'''

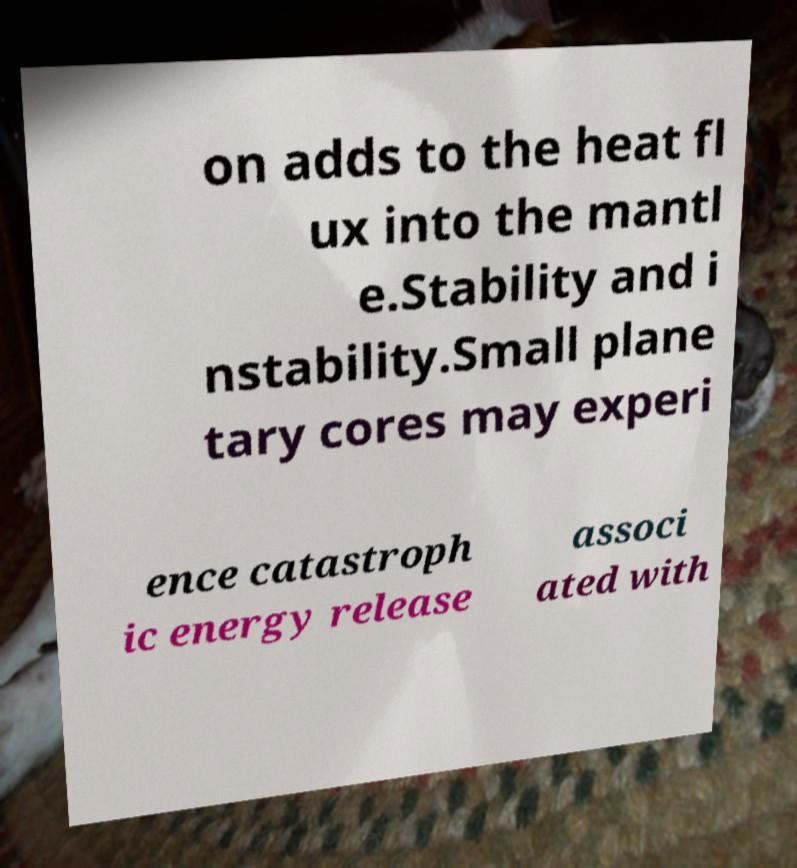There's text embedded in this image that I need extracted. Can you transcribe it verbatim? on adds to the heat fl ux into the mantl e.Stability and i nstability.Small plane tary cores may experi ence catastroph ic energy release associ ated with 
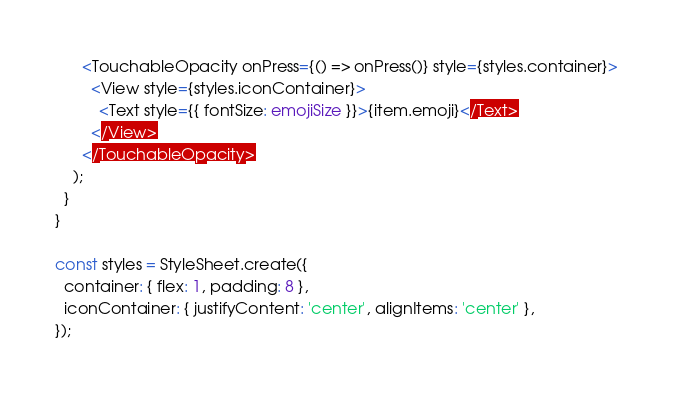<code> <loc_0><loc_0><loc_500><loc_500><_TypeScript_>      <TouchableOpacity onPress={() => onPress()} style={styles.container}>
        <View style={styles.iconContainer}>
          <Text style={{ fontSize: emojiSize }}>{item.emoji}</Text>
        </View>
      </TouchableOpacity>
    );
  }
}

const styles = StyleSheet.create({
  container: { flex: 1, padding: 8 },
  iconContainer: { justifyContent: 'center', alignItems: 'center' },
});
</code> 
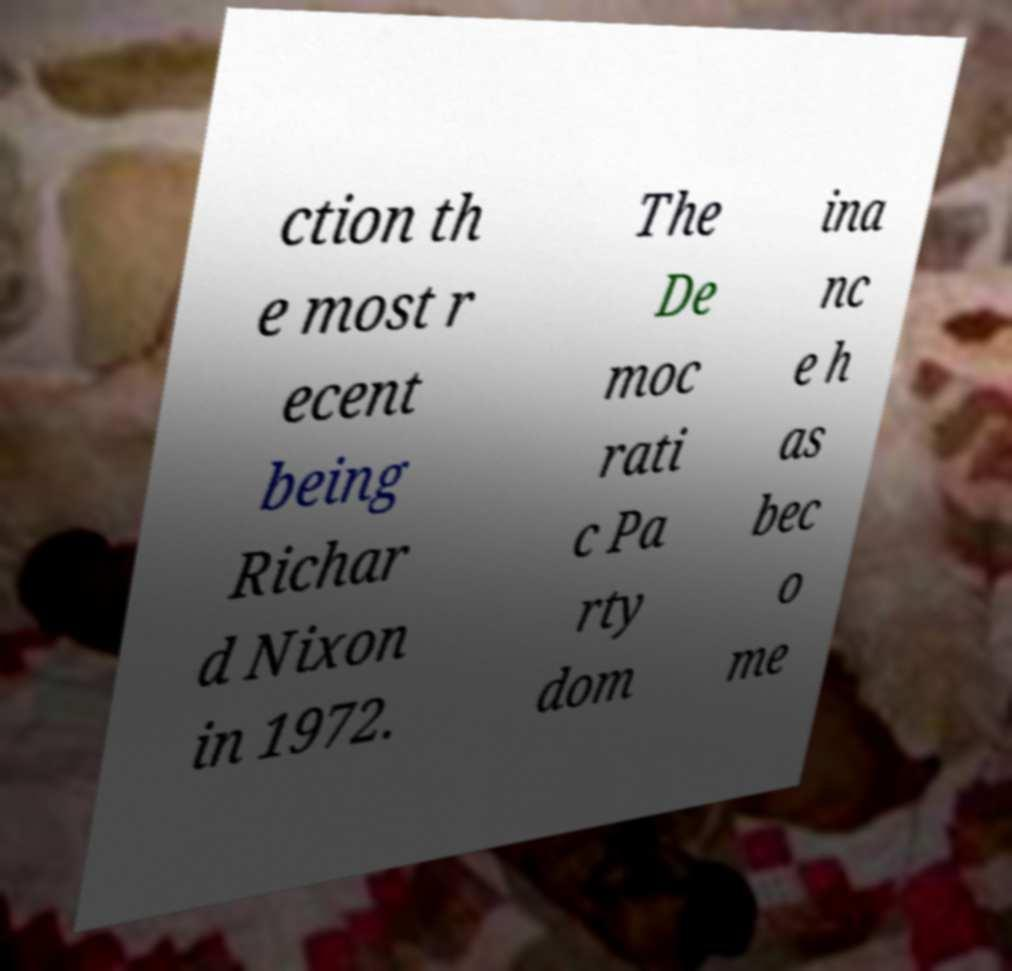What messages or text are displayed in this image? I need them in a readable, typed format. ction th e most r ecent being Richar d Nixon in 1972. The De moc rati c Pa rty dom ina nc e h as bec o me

'''

* What this task involves
Please output the records above exactly, without the pictures.

* Answer to this exercise
There's text embedded in this image that I need extracted. Can you transcribe it verbatim? on adds to the heat fl ux into the mantl e.Stability and i nstability.Small plane tary cores may experi ence catastroph ic energy release associ ated with 
<code> <loc_0><loc_0><loc_500><loc_500><_TypeScript_>      <TouchableOpacity onPress={() => onPress()} style={styles.container}>
        <View style={styles.iconContainer}>
          <Text style={{ fontSize: emojiSize }}>{item.emoji}</Text>
        </View>
      </TouchableOpacity>
    );
  }
}

const styles = StyleSheet.create({
  container: { flex: 1, padding: 8 },
  iconContainer: { justifyContent: 'center', alignItems: 'center' },
});
</code> 
What messages or text are displayed in this image? I need them in a readable, typed format. ction th e most r ecent being Richar d Nixon in 1972. The De moc rati c Pa rty dom ina nc e h as bec o me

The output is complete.